[[ DATA FOR THE TASK open ]]

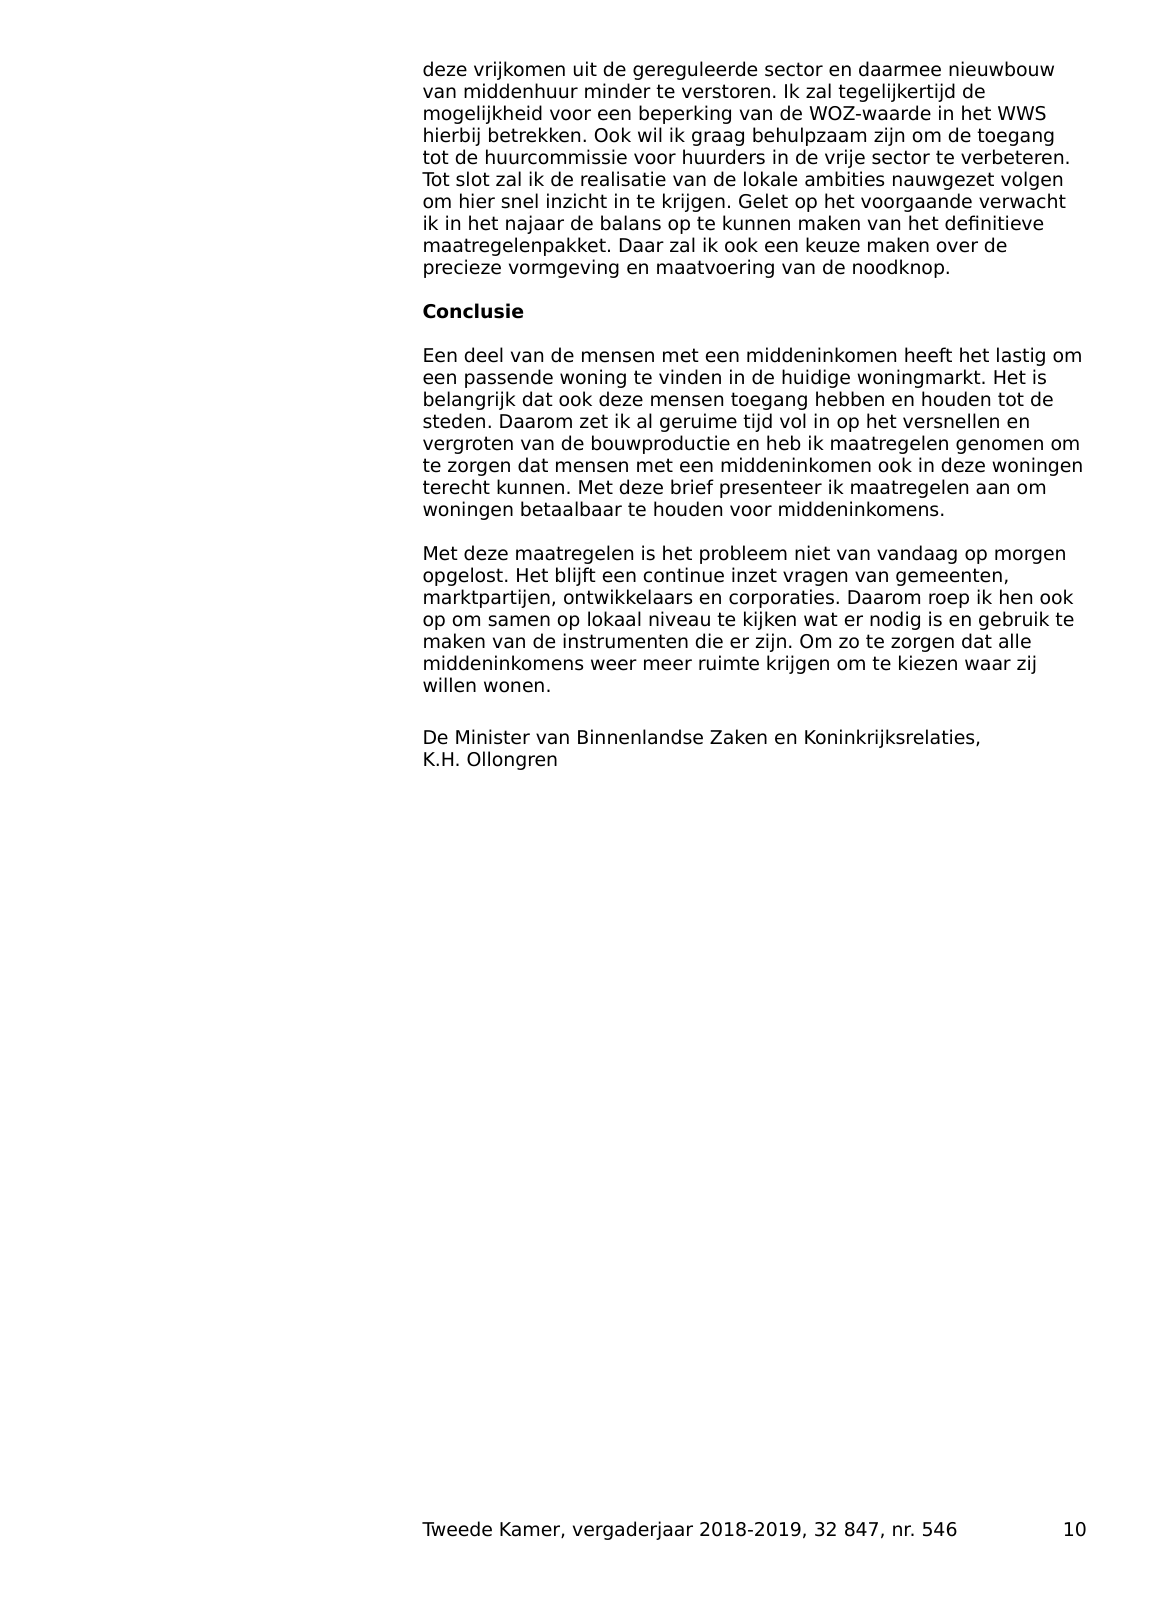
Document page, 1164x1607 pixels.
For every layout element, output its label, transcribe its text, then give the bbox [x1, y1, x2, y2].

text deze vrijkomen uit de gereguleerde sector en daarmee nieuwbouw van middenhuur minder te verstoren. Ik zal tegelijkertijd de mogelijkheid voor een beperking van de WOZ-waarde in het WWS hierbij betrekken. Ook wil ik graag behulpzaam zijn om de toegang tot de huurcommissie voor huurders in de vrije sector te verbeteren. Tot slot zal ik de realisatie van de lokale ambities nauwgezet volgen om hier snel inzicht in te krijgen. Gelet op het voorgaande verwacht ik in het najaar de balans op te kunnen maken van het definitieve maatregelenpakket. Daar zal ik ook een keuze maken over de precieze vormgeving en maatvoering van de noodknop. [422, 59, 1087, 279]
subtitle Conclusie [422, 301, 1087, 323]
text Met deze maatregelen is het probleem niet van vandaag op morgen opgelost. Het blijft een continue inzet vragen van gemeenten, marktpartijen, ontwikkelaars en corporaties. Daarom roep ik hen ook op om samen op lokaal niveau te kijken wat er nodig is en gebruik te maken van de instrumenten die er zijn. Om zo te zorgen dat alle middeninkomens weer meer ruimte krijgen om te kiezen waar zij willen wonen. [422, 543, 1087, 697]
text De Minister van Binnenlandse Zaken en Koninkrijksrelaties, K.H. Ollongren [422, 727, 1087, 771]
text Een deel van de mensen met een middeninkomen heeft het lastig om een passende woning te vinden in de huidige woningmarkt. Het is belangrijk dat ook deze mensen toegang hebben en houden tot de steden. Daarom zet ik al geruime tijd vol in op het versnellen en vergroten van de bouwproductie en heb ik maatregelen genomen om te zorgen dat mensen met een middeninkomen ook in deze woningen terecht kunnen. Met deze brief presenteer ik maatregelen aan om woningen betaalbaar te houden voor middeninkomens. [422, 345, 1087, 521]

[[ DATA FOR THE TASK closed ]]

• PROBLEM DESCRIPTION:
In the records above, return precisely the line containing "subtitle Conclusie [422, 301, 1087, 323]" and each line that comes after it, up to the final one.

• TASK ANSWER:
subtitle Conclusie [422, 301, 1087, 323]
text Met deze maatregelen is het probleem niet van vandaag op morgen opgelost. Het blijft een continue inzet vragen van gemeenten, marktpartijen, ontwikkelaars en corporaties. Daarom roep ik hen ook op om samen op lokaal niveau te kijken wat er nodig is en gebruik te maken van de instrumenten die er zijn. Om zo te zorgen dat alle middeninkomens weer meer ruimte krijgen om te kiezen waar zij willen wonen. [422, 543, 1087, 697]
text De Minister van Binnenlandse Zaken en Koninkrijksrelaties, K.H. Ollongren [422, 727, 1087, 771]
text Een deel van de mensen met een middeninkomen heeft het lastig om een passende woning te vinden in de huidige woningmarkt. Het is belangrijk dat ook deze mensen toegang hebben en houden tot de steden. Daarom zet ik al geruime tijd vol in op het versnellen en vergroten van de bouwproductie en heb ik maatregelen genomen om te zorgen dat mensen met een middeninkomen ook in deze woningen terecht kunnen. Met deze brief presenteer ik maatregelen aan om woningen betaalbaar te houden voor middeninkomens. [422, 345, 1087, 521]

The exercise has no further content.